**Required action:**
Omit the images and reproduce the rest of the entries exactly.
--- Data supplied Enclosed Below ---
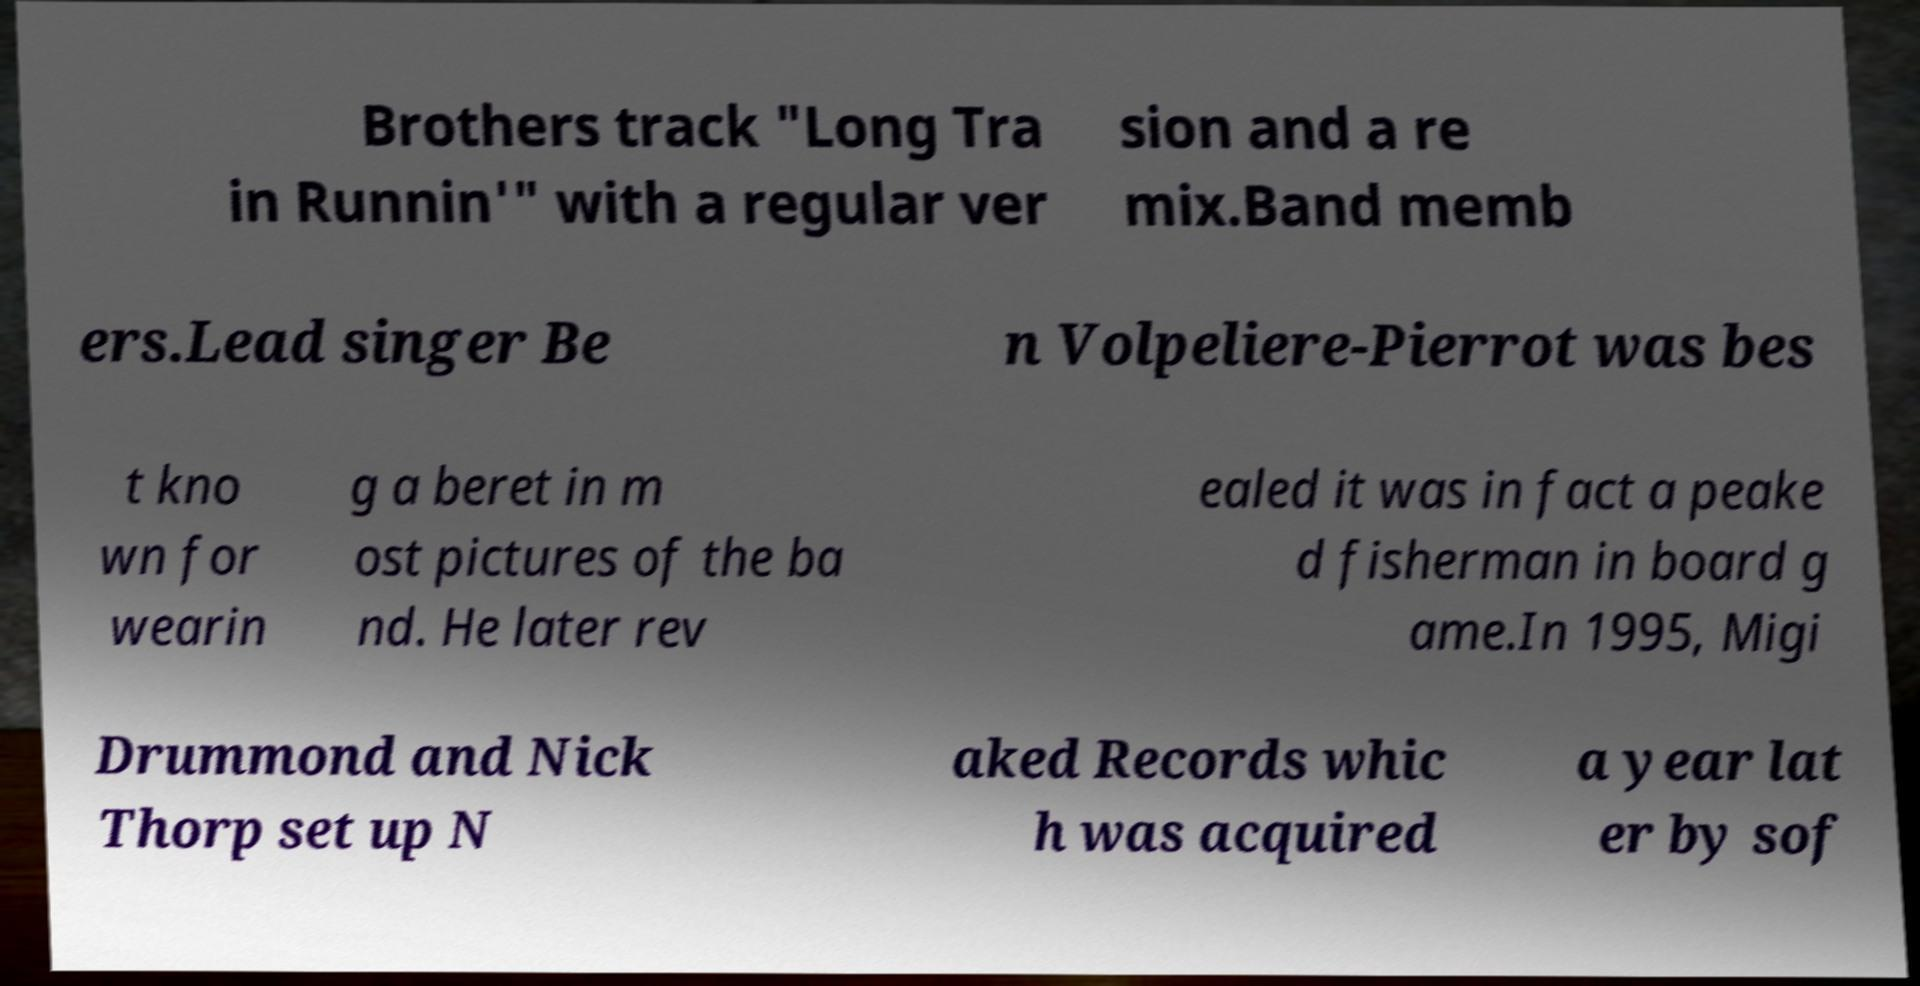Please identify and transcribe the text found in this image. Brothers track "Long Tra in Runnin'" with a regular ver sion and a re mix.Band memb ers.Lead singer Be n Volpeliere-Pierrot was bes t kno wn for wearin g a beret in m ost pictures of the ba nd. He later rev ealed it was in fact a peake d fisherman in board g ame.In 1995, Migi Drummond and Nick Thorp set up N aked Records whic h was acquired a year lat er by sof 
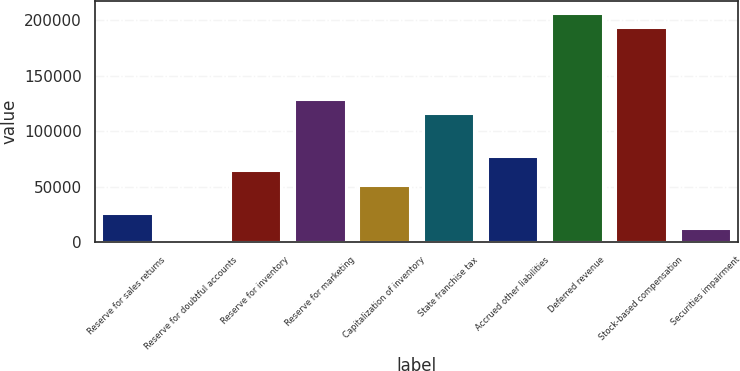Convert chart to OTSL. <chart><loc_0><loc_0><loc_500><loc_500><bar_chart><fcel>Reserve for sales returns<fcel>Reserve for doubtful accounts<fcel>Reserve for inventory<fcel>Reserve for marketing<fcel>Capitalization of inventory<fcel>State franchise tax<fcel>Accrued other liabilities<fcel>Deferred revenue<fcel>Stock-based compensation<fcel>Securities impairment<nl><fcel>25896<fcel>36<fcel>64686<fcel>129336<fcel>51756<fcel>116406<fcel>77616<fcel>206916<fcel>193986<fcel>12966<nl></chart> 
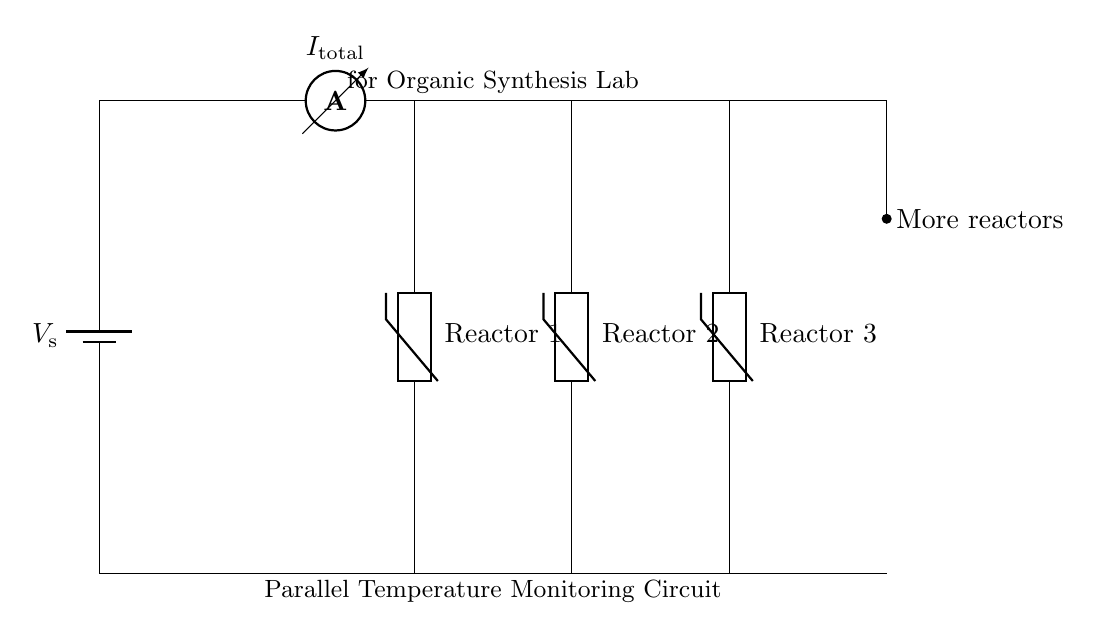What is the type of this circuit? The circuit is a parallel circuit, as indicated by the multiple branches for each thermistor connected across the same voltage supply, creating separate paths for current to flow.
Answer: Parallel How many reactors are monitored in this circuit? Three thermistors, labeled as Reactor 1, Reactor 2, and Reactor 3, are clearly shown in the diagram, each representing an independent temperature measurement.
Answer: Three What component measures the total current in the circuit? The ammeter, placed in series at the beginning of the circuit, is used to measure the total current flowing through the circuit as it passes through all branches.
Answer: Ammeter What is the role of the thermistors in this circuit? Each thermistor functions as a temperature sensor, allowing for real-time monitoring of the temperature in their respective reaction vessels by providing resistance changes with temperature fluctuations.
Answer: Temperature sensors What does the notation "More reactors" signify in the circuit? This notation indicates that additional reactors can be connected in parallel to the existing setup, highlighting the scalability of the circuit for monitoring multiple temperatures simultaneously.
Answer: Scalability What is the significance of the battery in this circuit? The battery provides the necessary voltage source (indicated as V_s) to power the circuit and ensure that each thermistor can function correctly to measure temperature.
Answer: Voltage source 
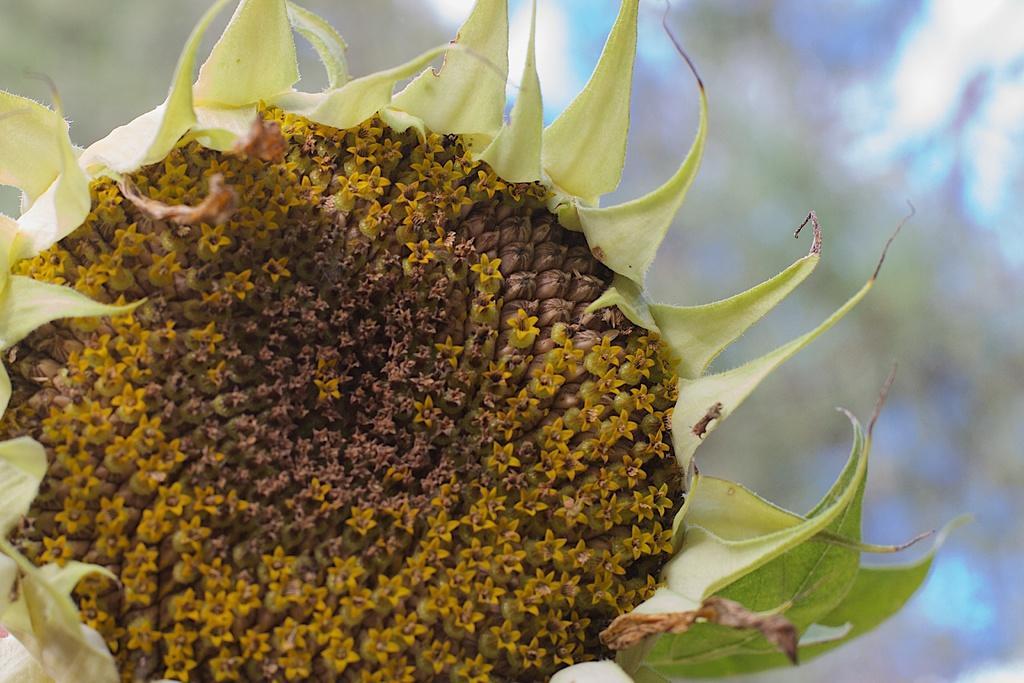In one or two sentences, can you explain what this image depicts? In this image I can see yellow and brown colour flower. I can also see green colour leaves and I can see this image is blurry from background. 
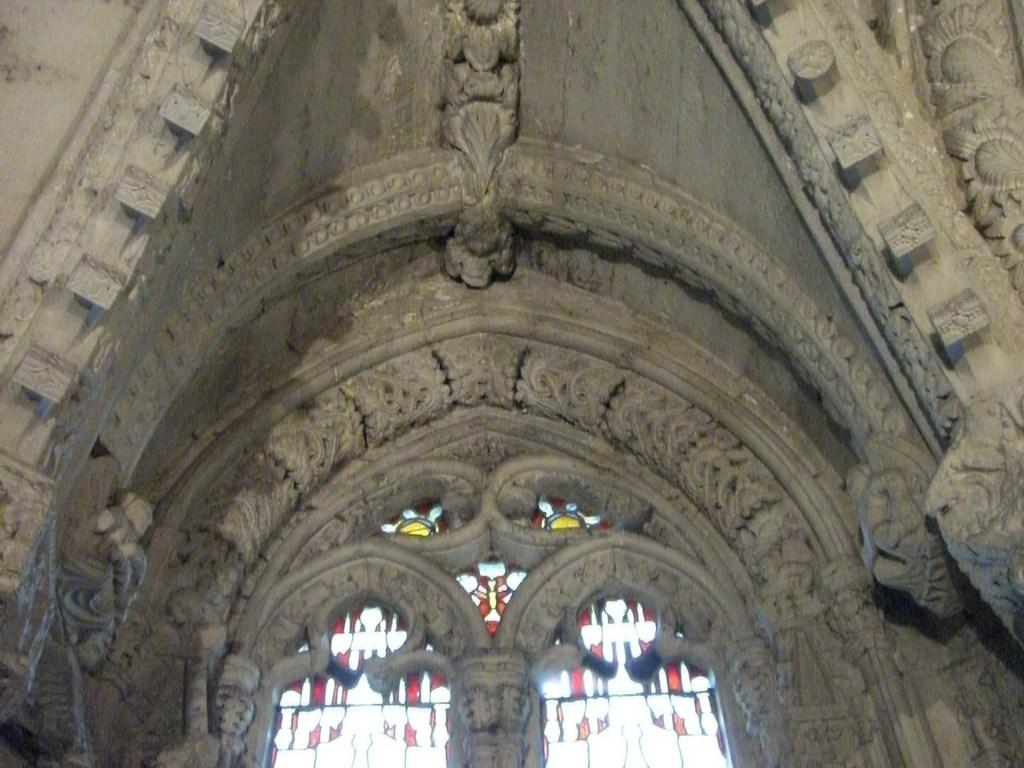What is the main feature of the image? There is a wall in the image. What color is the wall? The wall is brown in color. Are there any patterns or designs on the wall? Yes, there are designs on the wall. What else can be seen in the image besides the wall? There are windows in the image. Can you see any signs of regret on the wall in the image? There is no indication of regret in the image, as it only features a brown wall with designs and windows. 
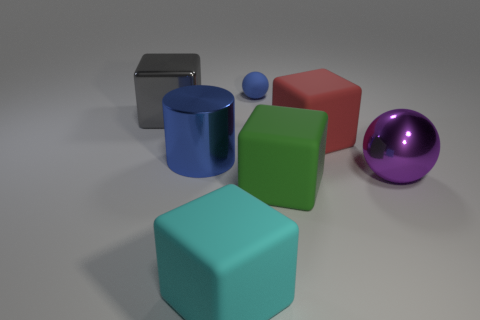Subtract all metallic cubes. How many cubes are left? 3 Add 1 blue objects. How many objects exist? 8 Subtract 2 spheres. How many spheres are left? 0 Subtract all cylinders. How many objects are left? 6 Subtract all tiny brown rubber things. Subtract all large red rubber things. How many objects are left? 6 Add 4 gray shiny cubes. How many gray shiny cubes are left? 5 Add 6 red matte cubes. How many red matte cubes exist? 7 Subtract all purple spheres. How many spheres are left? 1 Subtract 1 red cubes. How many objects are left? 6 Subtract all gray cylinders. Subtract all cyan blocks. How many cylinders are left? 1
--- End of Enclosed Data supplied ---
**Written answer:**
Please identify and transcribe the text found in this image. Brothers track "Long Tra in Runnin'" with a regular ver sion and a re mix.Band memb ers.Lead singer Be n Volpeliere-Pierrot was bes t kno wn for wearin g a beret in m ost pictures of the ba nd. He later rev ealed it was in fact a peake d fisherman in board g ame.In 1995, Migi Drummond and Nick Thorp set up N aked Records whic h was acquired a year lat er by sof 
Convert chart to OTSL. <chart><loc_0><loc_0><loc_500><loc_500><bar_chart><fcel>Reserve for sales returns<fcel>Reserve for doubtful accounts<fcel>Reserve for inventory<fcel>Reserve for marketing<fcel>Capitalization of inventory<fcel>State franchise tax<fcel>Accrued other liabilities<fcel>Deferred revenue<fcel>Stock-based compensation<fcel>Securities impairment<nl><fcel>25896<fcel>36<fcel>64686<fcel>129336<fcel>51756<fcel>116406<fcel>77616<fcel>206916<fcel>193986<fcel>12966<nl></chart> 
What is the type of this circuit? The circuit is a parallel circuit, as indicated by the multiple branches for each thermistor connected across the same voltage supply, creating separate paths for current to flow.
Answer: Parallel How many reactors are monitored in this circuit? Three thermistors, labeled as Reactor 1, Reactor 2, and Reactor 3, are clearly shown in the diagram, each representing an independent temperature measurement.
Answer: Three What component measures the total current in the circuit? The ammeter, placed in series at the beginning of the circuit, is used to measure the total current flowing through the circuit as it passes through all branches.
Answer: Ammeter What is the role of the thermistors in this circuit? Each thermistor functions as a temperature sensor, allowing for real-time monitoring of the temperature in their respective reaction vessels by providing resistance changes with temperature fluctuations.
Answer: Temperature sensors What does the notation "More reactors" signify in the circuit? This notation indicates that additional reactors can be connected in parallel to the existing setup, highlighting the scalability of the circuit for monitoring multiple temperatures simultaneously.
Answer: Scalability What is the significance of the battery in this circuit? The battery provides the necessary voltage source (indicated as V_s) to power the circuit and ensure that each thermistor can function correctly to measure temperature.
Answer: Voltage source 
In one or two sentences, can you explain what this image depicts? In this image I can see yellow and brown colour flower. I can also see green colour leaves and I can see this image is blurry from background. 
What is the main feature of the image? There is a wall in the image. What color is the wall? The wall is brown in color. Are there any patterns or designs on the wall? Yes, there are designs on the wall. What else can be seen in the image besides the wall? There are windows in the image. Can you see any signs of regret on the wall in the image? There is no indication of regret in the image, as it only features a brown wall with designs and windows. 
Subtract all metallic cubes. How many cubes are left? 3 Add 1 blue objects. How many objects exist? 8 Subtract 2 spheres. How many spheres are left? 0 Subtract all cylinders. How many objects are left? 6 Subtract all tiny brown rubber things. Subtract all large red rubber things. How many objects are left? 6 Add 4 gray shiny cubes. How many gray shiny cubes are left? 5 Add 6 red matte cubes. How many red matte cubes exist? 7 Subtract all purple spheres. How many spheres are left? 1 Subtract 1 red cubes. How many objects are left? 6 Subtract all gray cylinders. Subtract all cyan blocks. How many cylinders are left? 1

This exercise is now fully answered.